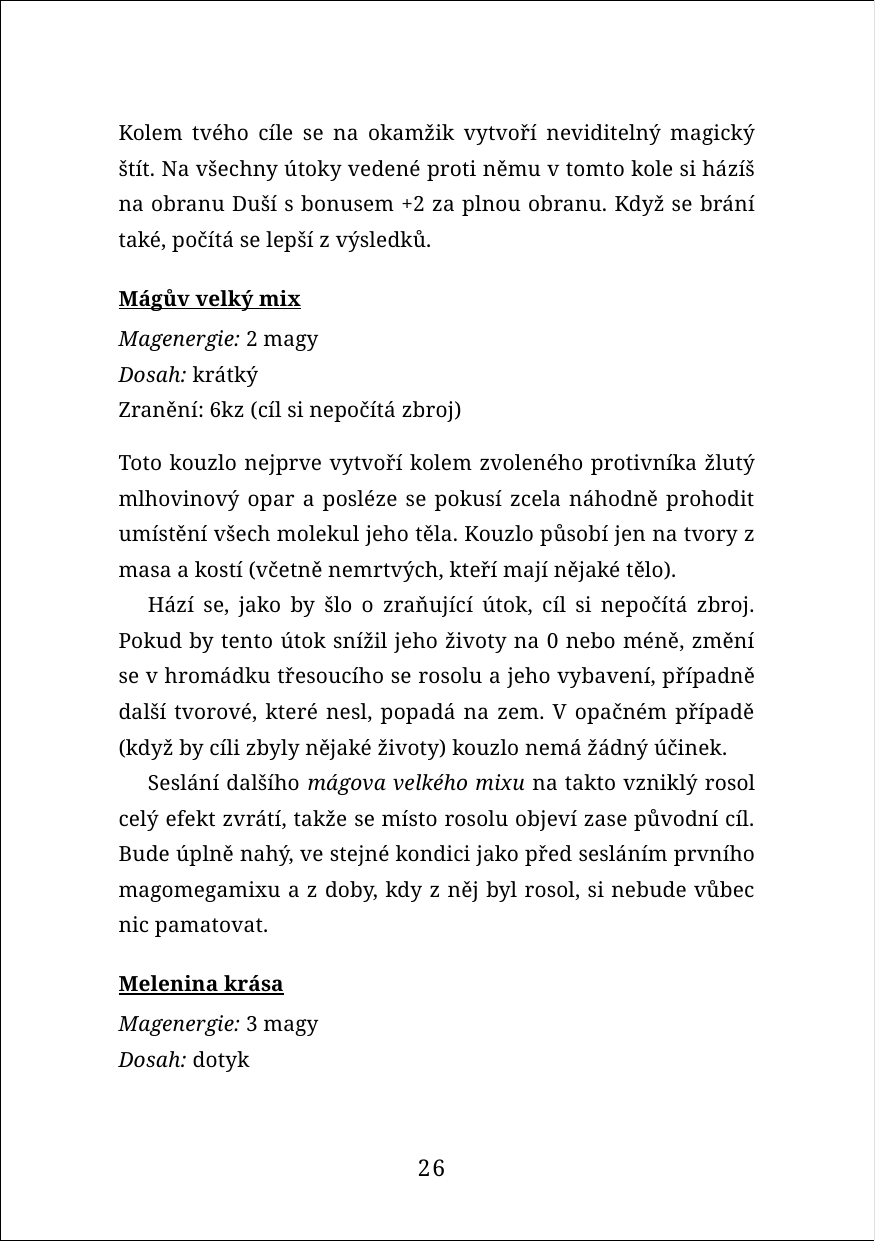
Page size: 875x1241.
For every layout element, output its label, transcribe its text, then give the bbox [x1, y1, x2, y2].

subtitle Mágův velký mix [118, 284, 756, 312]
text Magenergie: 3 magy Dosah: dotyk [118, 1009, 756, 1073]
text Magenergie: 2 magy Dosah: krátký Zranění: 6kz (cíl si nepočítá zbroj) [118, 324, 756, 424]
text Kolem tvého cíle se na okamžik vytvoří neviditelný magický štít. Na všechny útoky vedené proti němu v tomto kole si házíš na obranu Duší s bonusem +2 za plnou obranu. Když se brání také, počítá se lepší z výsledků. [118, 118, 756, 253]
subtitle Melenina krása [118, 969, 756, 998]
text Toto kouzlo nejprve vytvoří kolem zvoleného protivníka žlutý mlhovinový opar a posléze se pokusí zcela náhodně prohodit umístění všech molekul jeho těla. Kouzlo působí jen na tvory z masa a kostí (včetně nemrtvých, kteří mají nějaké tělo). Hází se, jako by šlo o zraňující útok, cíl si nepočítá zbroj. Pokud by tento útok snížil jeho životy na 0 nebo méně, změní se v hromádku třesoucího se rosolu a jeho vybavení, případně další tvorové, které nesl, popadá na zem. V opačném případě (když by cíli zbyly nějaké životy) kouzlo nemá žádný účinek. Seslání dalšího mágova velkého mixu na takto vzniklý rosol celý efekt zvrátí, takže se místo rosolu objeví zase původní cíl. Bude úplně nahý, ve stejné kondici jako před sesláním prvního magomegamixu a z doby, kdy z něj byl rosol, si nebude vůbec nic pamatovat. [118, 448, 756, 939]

## [Your assignment]
Letter for letter, reproduce every record above and skip the pictures.

## [Expected answer]
Page size: 875x1241.
For every layout element, output its label, transcribe its text, then give the bbox [x1, y1, x2, y2].

subtitle Mágův velký mix [118, 284, 756, 312]
text Magenergie: 3 magy Dosah: dotyk [118, 1009, 756, 1073]
text Magenergie: 2 magy Dosah: krátký Zranění: 6kz (cíl si nepočítá zbroj) [118, 324, 756, 424]
text Kolem tvého cíle se na okamžik vytvoří neviditelný magický štít. Na všechny útoky vedené proti němu v tomto kole si házíš na obranu Duší s bonusem +2 za plnou obranu. Když se brání také, počítá se lepší z výsledků. [118, 118, 756, 253]
subtitle Melenina krása [118, 969, 756, 998]
text Toto kouzlo nejprve vytvoří kolem zvoleného protivníka žlutý mlhovinový opar a posléze se pokusí zcela náhodně prohodit umístění všech molekul jeho těla. Kouzlo působí jen na tvory z masa a kostí (včetně nemrtvých, kteří mají nějaké tělo). Hází se, jako by šlo o zraňující útok, cíl si nepočítá zbroj. Pokud by tento útok snížil jeho životy na 0 nebo méně, změní se v hromádku třesoucího se rosolu a jeho vybavení, případně další tvorové, které nesl, popadá na zem. V opačném případě (když by cíli zbyly nějaké životy) kouzlo nemá žádný účinek. Seslání dalšího mágova velkého mixu na takto vzniklý rosol celý efekt zvrátí, takže se místo rosolu objeví zase původní cíl. Bude úplně nahý, ve stejné kondici jako před sesláním prvního magomegamixu a z doby, kdy z něj byl rosol, si nebude vůbec nic pamatovat. [118, 448, 756, 939]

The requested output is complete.